Un accouchement « idéal »

J’ai eu un accouchement « parfait » ,du moins vu de l’exterieur.

Premieres contractions à17h, entrée en salle d’accouchement à minuit (je vous épargne les 2h de travail sur les sièges « ultra confortable de la salle d’attente de la mater) dilatée à 4, le temps de poser la peri j’etais à 7 et à 4h du mat ma fille venait à notre rencontre en 3 poussées, sans déchirure, sans episio, sans forceps ou ventouse.

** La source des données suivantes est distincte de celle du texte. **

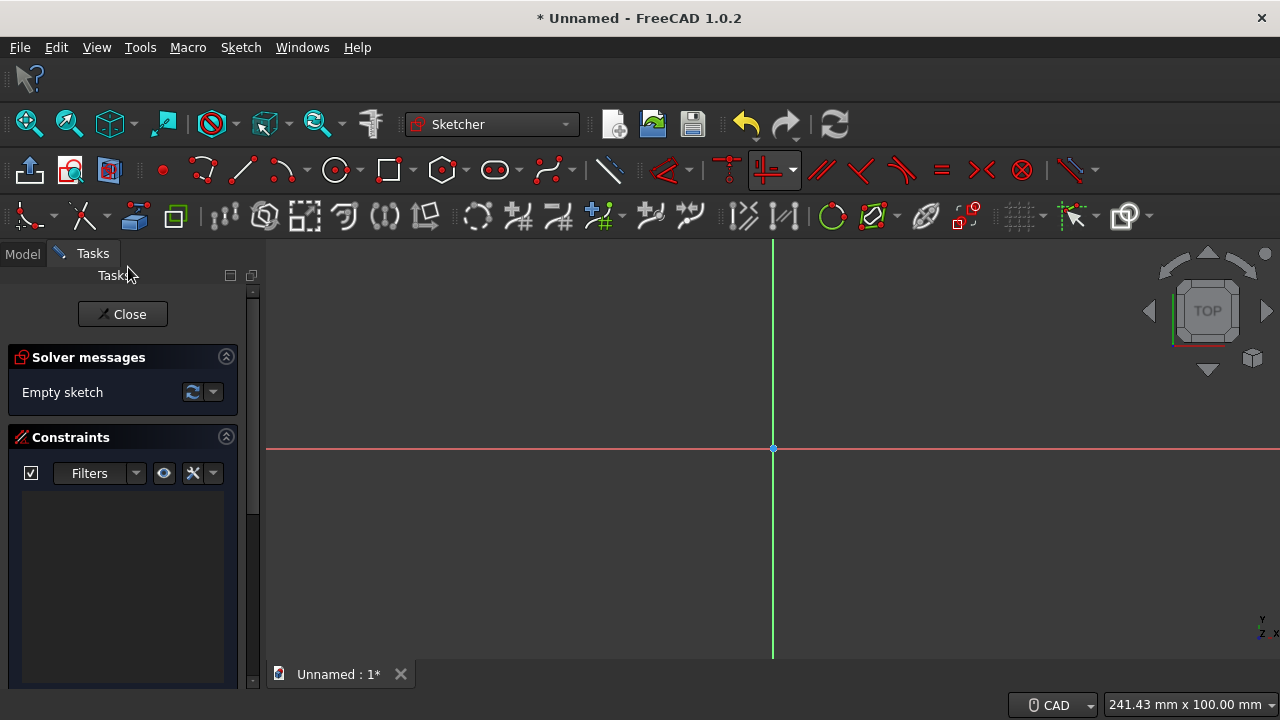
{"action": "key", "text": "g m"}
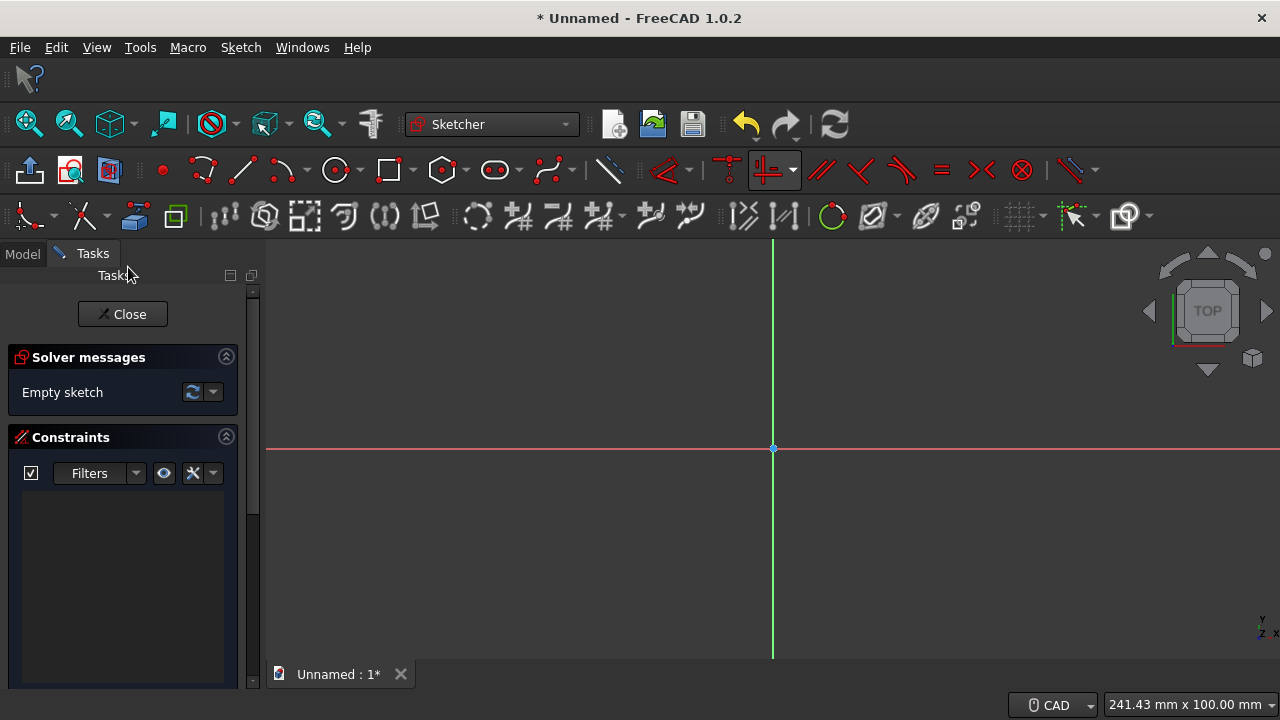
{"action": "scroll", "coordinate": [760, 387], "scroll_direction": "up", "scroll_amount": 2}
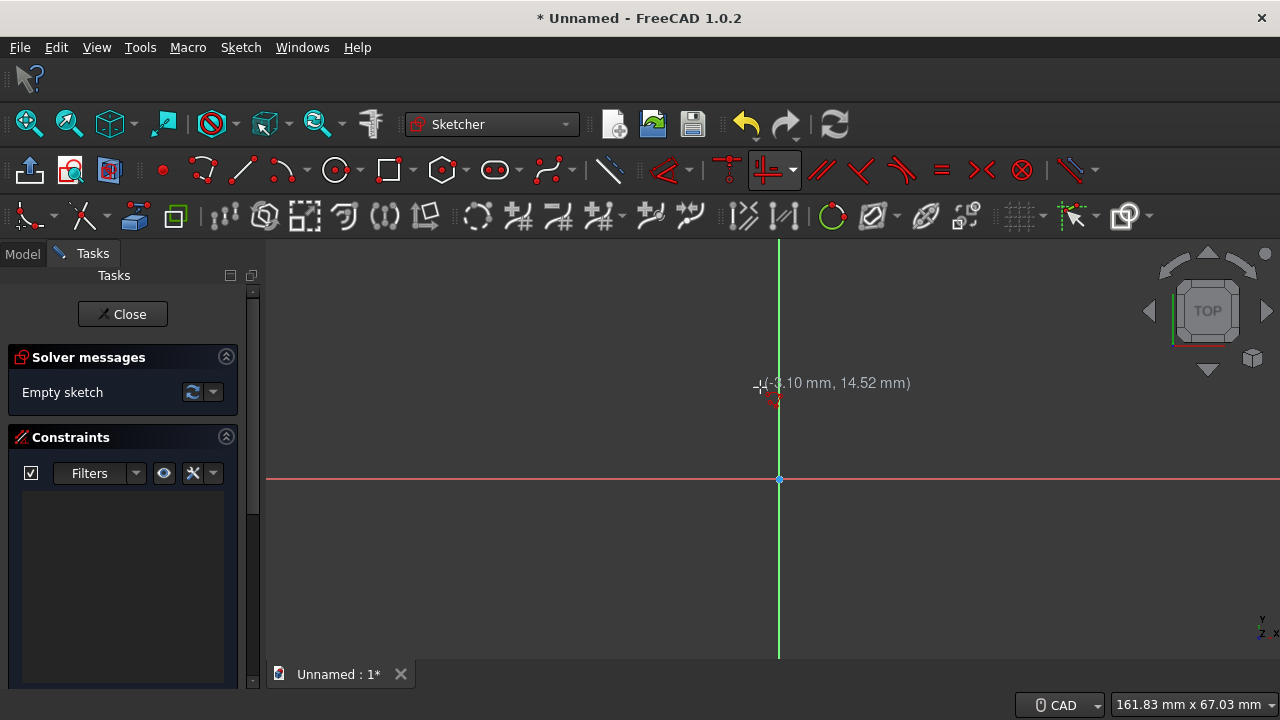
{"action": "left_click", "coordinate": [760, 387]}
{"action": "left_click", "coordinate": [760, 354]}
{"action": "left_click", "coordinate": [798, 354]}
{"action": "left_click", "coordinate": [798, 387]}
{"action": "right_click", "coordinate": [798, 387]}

J’ai pu me mettre en position semi assise sur le bord de la table, c’est le papa qui l’a sortie et l’a posée sur mon ventre ou elle a aussitot cherché à teter avec vigueur, le cordon a été coupé seulement apres qu’il ai arrété de battre, on a pu faire du peau a peau pendant que j’expulsait le placentat, il n’y avait pas trop de lumiere. Bref parfait vous dis je !

oui …mais.

J’avais, moi, un sentiment mitigé de cet accouchement, quand on me demandait comment ça c’était passé, je répondais : parfaitement bien ! parce que c’était l’avis de mon compagnon et puis de la sage femme et puis de tout ceux a qui je le racontais.

oui… mais

je ne pouvais m’empecher de preciser à chaque fois, que je m’en voulais d’avoir demandé la peridurale, précisant qu’entre le moment ou je l’ai demandée et celui ou je l’ai eu, il s’est ecoulé une petite demi heure, pendant laquelle je suis passée de 4 à 7 (mais ca je ne l’ai su qu’apres la pose, pourtant dans l’article du gest des vendredis intellos sur la péridurale, il le disait bien de se faire réexaminer le col juste avant la pose) et que donc vraiment j’aurai pu m’en passer, et on me repondait

oui mais …

« tu l’a demandée et tu as donc pu vivre ton accouchement sereinement » et puis « oui ça a ralentit le travail (a tel point qu’apres être resté 2h dilatée à 9 on a du te mettre un petit coup d’ocytocine) mais bon on etait pas pressé hein ! »

oui…mais

un truc clochait, un goût mitigé sans que j’arrive à mettre le doigt dessus, et puis le temps passe, je n’en parle plus puisque visiblement mon ressentit es incompris, ma fille à 5 mois et je tombe sur cet article, le titre évoque quelque chose en moi, mais moi l’allaitement a bien demarré (du moins après qu’on lui ai enfin coupé son frein de langue après 3 jours de crevasses); je lis et soudain cette phrase : « La revue Cochrane (2011) portant sur 9958 femmes parturientes est claire sur le sujet : « Les péridurales ont permis de soulager la douleur ressentie lors de l’accouchement mieux que n’importe quel autre type d’analgésique ».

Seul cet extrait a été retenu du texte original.